Small thing that happened today: a collegue of mine happens to have an S2, and
he had to charge his today at 3PM. I gave him a strange look and asked if he
had charged him over-night. "Yea sure". Then I asked him what he had done with
his phone today, I wanted to compare his usage with mine, which was imo an
average use.

This was my iPhone 4's activity up to that point: 1) In the car: connected to
the car-kit with Bluetooth, making 1 call of about 5 minutes 2) In the car:
connected with a cable to the car-radio playing music for about 40 minuted.
Since the car-radio kit was only intended for old iPods, this causes the
display to be constant "on" while playing music, and displaying "charging not
supported with this accessory". 3) Calling about 30 minutes in the office 4)
Sending about 20 texts 5) Receiving about 50 texts (some servers went down and
spammed my phone) 6) Playing music using my earbuds for about an hour. 7)
Checked twitter and facebook when I got a notification 8) Played one Planets
vs Zombies level. 9) Installing Infinity Blade and 5 other smaller app updates
from the appstore over WiFi (Infinity blade alone is 500mb+)

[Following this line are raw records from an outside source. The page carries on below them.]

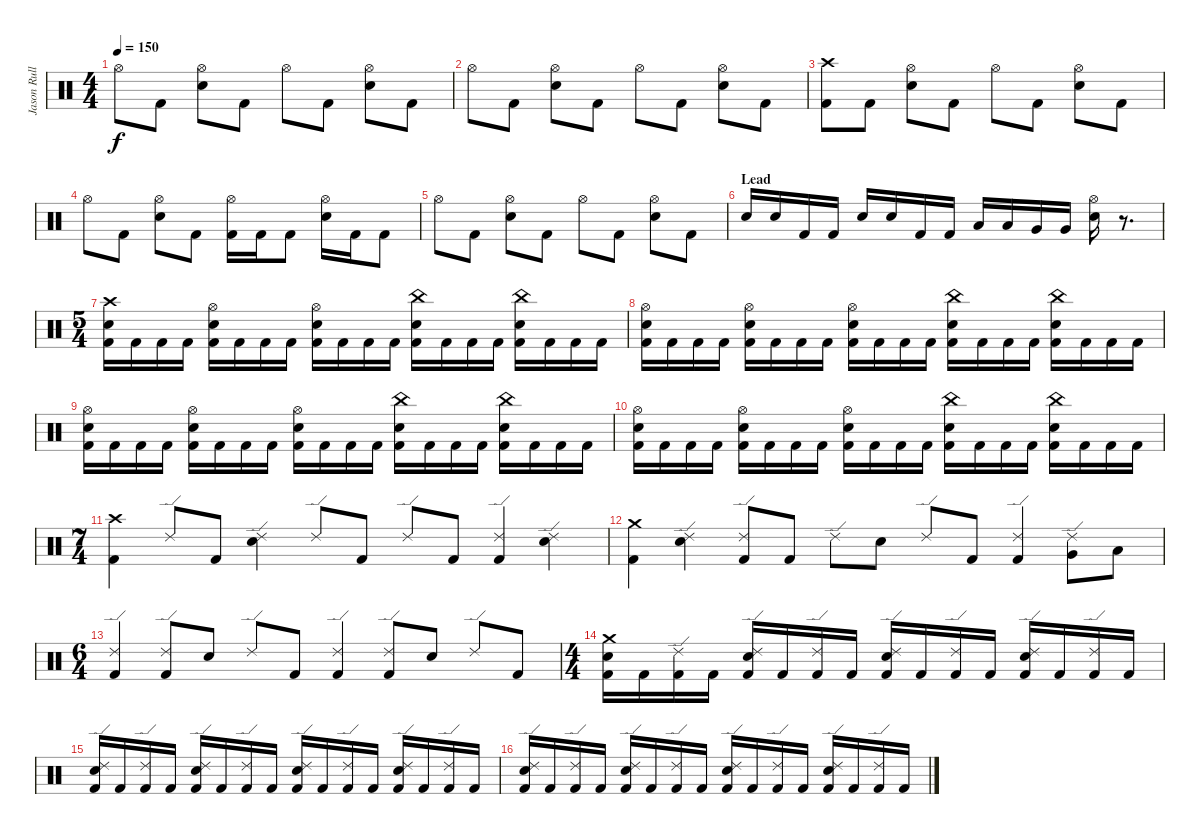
\track ("Jason Rullo" "Jason Rull") {instrument percussion}
\staff {score}
\articulation defaults
\ts (4 4)
\tempo 150
\clef neutral
\ks c "Hi-Hat (open)".8{dy f} "Kick (hit) 2".8
("Hi-Hat (open)" "Electric Snare (hit)").8 "Kick (hit) 2".8 "Hi-Hat (open)".8 "Kick (hit) 2".8 ("Hi-Hat (open)" "Electric Snare (hit)").8 "Kick (hit) 2".8 |
"Hi-Hat (open)".8 "Kick (hit) 2".8 ("Hi-Hat (open)" "Electric Snare (hit)").8 "Kick (hit) 2".8 "Hi-Hat (open)".8 "Kick (hit) 2".8 ("Hi-Hat (open)" "Electric Snare (hit)").8 "Kick (hit) 2".8 |
("Crash high (hit)" "Kick (hit) 2").8 "Kick (hit) 2".8 ("Hi-Hat (open)" "Electric Snare (hit)").8 "Kick (hit) 2".8 "Hi-Hat (open)".8 "Kick (hit) 2".8 ("Hi-Hat (open)" "Electric Snare (hit)").8 "Kick (hit) 2".8 |
"Hi-Hat (open)".8 "Kick (hit) 2".8 ("Hi-Hat (open)" "Electric Snare (hit)").8 "Kick (hit) 2".8 ("Hi-Hat (open)" "Kick (hit) 2").16 "Kick (hit) 2".16 "Kick (hit) 2".8 ("Hi-Hat (open)" "Electric Snare (hit)").16 "Kick (hit) 2".16 "Kick (hit) 2".8 |
"Hi-Hat (open)".8 "Kick (hit) 2".8 ("Hi-Hat (open)" "Electric Snare (hit)").8 "Kick (hit) 2".8 "Hi-Hat (open)".8 "Kick (hit) 2".8 ("Hi-Hat (open)" "Electric Snare (hit)").8 "Kick (hit) 2".8 |
\section ("" "Lead")
"Electric Snare (hit)".16 "Electric Snare (hit)".16 "Kick (hit) 2".16 "Kick (hit) 2".16 "Electric Snare (hit)".16 "Electric Snare (hit)".16 "Kick (hit) 2".16 "Kick (hit) 2".16 "Low Tom (hit)".16 "Low Tom (hit)".16 "Very Low Tom (hit)".16 "Very Low Tom (hit)".16 ("Hi-Hat (open)" "Electric Snare (hit)").16 r.8{d} |
\ts (5 4)
("Crash high (hit)" "Electric Snare (hit)" "Kick (hit) 2").16 "Kick (hit) 2".16 "Kick (hit) 2".16 "Kick (hit) 2".16 ("Hi-Hat (open)" "Electric Snare (hit)" "Kick (hit) 2").16 "Kick (hit) 2".16 "Kick (hit) 2".16 "Kick (hit) 2".16 ("Hi-Hat (open)" "Electric Snare (hit)" "Kick (hit) 2").16 "Kick (hit) 2".16 "Kick (hit) 2".16 "Kick (hit) 2".16 ("China (hit)" "Electric Snare (hit)" "Kick (hit) 2").16 "Kick (hit) 2".16 "Kick (hit) 2".16 "Kick (hit) 2".16 ("China (hit)" "Electric Snare (hit)" "Kick (hit) 2").16 "Kick (hit) 2".16 "Kick (hit) 2".16 "Kick (hit) 2".16 |
("Hi-Hat (open)" "Electric Snare (hit)" "Kick (hit) 2").16 "Kick (hit) 2".16 "Kick (hit) 2".16 "Kick (hit) 2".16 ("Hi-Hat (open)" "Electric Snare (hit)" "Kick (hit) 2").16 "Kick (hit) 2".16 "Kick (hit) 2".16 "Kick (hit) 2".16 ("Hi-Hat (open)" "Electric Snare (hit)" "Kick (hit) 2").16 "Kick (hit) 2".16 "Kick (hit) 2".16 "Kick (hit) 2".16 ("China (hit)" "Electric Snare (hit)" "Kick (hit) 2").16 "Kick (hit) 2".16 "Kick (hit) 2".16 "Kick (hit) 2".16 ("China (hit)" "Electric Snare (hit)" "Kick (hit) 2").16 "Kick (hit) 2".16 "Kick (hit) 2".16 "Kick (hit) 2".16 |
("Hi-Hat (open)" "Electric Snare (hit)" "Kick (hit) 2").16 "Kick (hit) 2".16 "Kick (hit) 2".16 "Kick (hit) 2".16 ("Hi-Hat (open)" "Electric Snare (hit)" "Kick (hit) 2").16 "Kick (hit) 2".16 "Kick (hit) 2".16 "Kick (hit) 2".16 ("Hi-Hat (open)" "Electric Snare (hit)" "Kick (hit) 2").16 "Kick (hit) 2".16 "Kick (hit) 2".16 "Kick (hit) 2".16 ("China (hit)" "Electric Snare (hit)" "Kick (hit) 2").16 "Kick (hit) 2".16 "Kick (hit) 2".16 "Kick (hit) 2".16 ("China (hit)" "Electric Snare (hit)" "Kick (hit) 2").16 "Kick (hit) 2".16 "Kick (hit) 2".16 "Kick (hit) 2".16 |
("Hi-Hat (open)" "Electric Snare (hit)" "Kick (hit) 2").16 "Kick (hit) 2".16 "Kick (hit) 2".16 "Kick (hit) 2".16 ("Hi-Hat (open)" "Electric Snare (hit)" "Kick (hit) 2").16 "Kick (hit) 2".16 "Kick (hit) 2".16 "Kick (hit) 2".16 ("Hi-Hat (open)" "Electric Snare (hit)" "Kick (hit) 2").16 "Kick (hit) 2".16 "Kick (hit) 2".16 "Kick (hit) 2".16 ("China (hit)" "Electric Snare (hit)" "Kick (hit) 2").16 "Kick (hit) 2".16 "Kick (hit) 2".16 "Kick (hit) 2".16 ("China (hit)" "Electric Snare (hit)" "Kick (hit) 2").16 "Kick (hit) 2".16 "Kick (hit) 2".16 "Kick (hit) 2".16 |
\ts (7 4)
("Crash high (hit)" "Kick (hit) 2").4{volume 16 balance 8} "Ride (edge) 2".8 "Kick (hit) 2".8 ("Ride (edge) 2" "Electric Snare (hit)").4 "Ride (edge) 2".8 "Kick (hit) 2".8 "Ride (edge) 2".8 "Kick (hit) 2".8 ("Ride (edge) 2" "Kick (hit) 2").4 ("Ride (edge) 2" "Electric Snare (hit)").4 |
("Crash medium (hit)" "Kick (hit) 2").4 ("Ride (edge) 2" "Electric Snare (hit)").4 ("Ride (edge) 2" "Kick (hit) 2").8 "Kick (hit) 2".8 "Ride (edge) 2".8 "Electric Snare (hit)".8 "Ride (edge) 2".8 "Kick (hit) 2".8 ("Ride (edge) 2" "Kick (hit) 2").4 ("Ride (edge) 2" "Very Low Tom (hit)").8 "Low Floor Tom (hit)".8 |
\ts (6 4)
("Ride (edge) 2" "Kick (hit) 2").4 ("Ride (edge) 2" "Kick (hit) 2").8 "Electric Snare (hit)".8 "Ride (edge) 2".8 "Kick (hit) 2".8 ("Ride (edge) 2" "Kick (hit) 2").4 ("Ride (edge) 2" "Kick (hit) 2").8 "Electric Snare (hit)".8 "Ride (edge) 2".8 "Kick (hit) 2".8 |
\ts (4 4)
("Crash medium (hit)" "Electric Snare (hit)" "Kick (hit) 2").16 "Kick (hit) 2".16 ("Ride (edge) 2" "Kick (hit) 2").16 "Kick (hit) 2".16 ("Ride (edge) 2" "Electric Snare (hit)" "Kick (hit) 2").16 "Kick (hit) 2".16 ("Ride (edge) 2" "Kick (hit) 2").16 "Kick (hit) 2".16 ("Ride (edge) 2" "Electric Snare (hit)" "Kick (hit) 2").16 "Kick (hit) 2".16 ("Ride (edge) 2" "Kick (hit) 2").16 "Kick (hit) 2".16 ("Ride (edge) 2" "Electric Snare (hit)" "Kick (hit) 2").16 "Kick (hit) 2".16 ("Ride (edge) 2" "Kick (hit) 2").16 "Kick (hit) 2".16 |
("Ride (edge) 2" "Electric Snare (hit)" "Kick (hit) 2").16 "Kick (hit) 2".16 ("Ride (edge) 2" "Kick (hit) 2").16 "Kick (hit) 2".16 ("Ride (edge) 2" "Electric Snare (hit)" "Kick (hit) 2").16 "Kick (hit) 2".16 ("Ride (edge) 2" "Kick (hit) 2").16 "Kick (hit) 2".16 ("Ride (edge) 2" "Electric Snare (hit)" "Kick (hit) 2").16 "Kick (hit) 2".16 ("Ride (edge) 2" "Kick (hit) 2").16 "Kick (hit) 2".16 ("Ride (edge) 2" "Electric Snare (hit)" "Kick (hit) 2").16 "Kick (hit) 2".16 ("Ride (edge) 2" "Kick (hit) 2").16 "Kick (hit) 2".16 |
("Ride (edge) 2" "Electric Snare (hit)" "Kick (hit) 2").16 "Kick (hit) 2".16 ("Ride (edge) 2" "Kick (hit) 2").16 "Kick (hit) 2".16 ("Ride (edge) 2" "Electric Snare (hit)" "Kick (hit) 2").16 "Kick (hit) 2".16 ("Ride (edge) 2" "Kick (hit) 2").16 "Kick (hit) 2".16 ("Ride (edge) 2" "Electric Snare (hit)" "Kick (hit) 2").16 "Kick (hit) 2".16 ("Ride (edge) 2" "Kick (hit) 2").16 "Kick (hit) 2".16 ("Ride (edge) 2" "Electric Snare (hit)" "Kick (hit) 2").16 "Kick (hit) 2".16 ("Ride (edge) 2" "Kick (hit) 2").16 "Kick (hit) 2".16

My battery level now, about 3,5h after he had to charge his phone: 65%. Now
his answer was: 1) a 5 minute call 2) and sending/receiving about 10 texts in
total. 3) 5 minutes of checking the news in the browser during lunch. 4)
Searching and installing a small app on the Android market and playing with it
for a few minutes.

I almost couldn't believe this, so asked him about a carkit? No. Music in car?
No. Music at the office? No. He then made it worse by mentioning he had a
"battery improvement" app installed, which he claimed helped a lot, and that
he had bluetooth and wifi disabled. Certainly the wifi struck me as odd, but
he explained he had a 2gb/month data contract, so he didn't really care, and
enabled his wifi manually when he thought it was needed.

We both started the day at 100%. Ok, so he did start his day about 1h earlier
than me, but still, it should at least make it through the day with that
little useage?

So yea, apparently, the AMOLED really helps to improve the battery life...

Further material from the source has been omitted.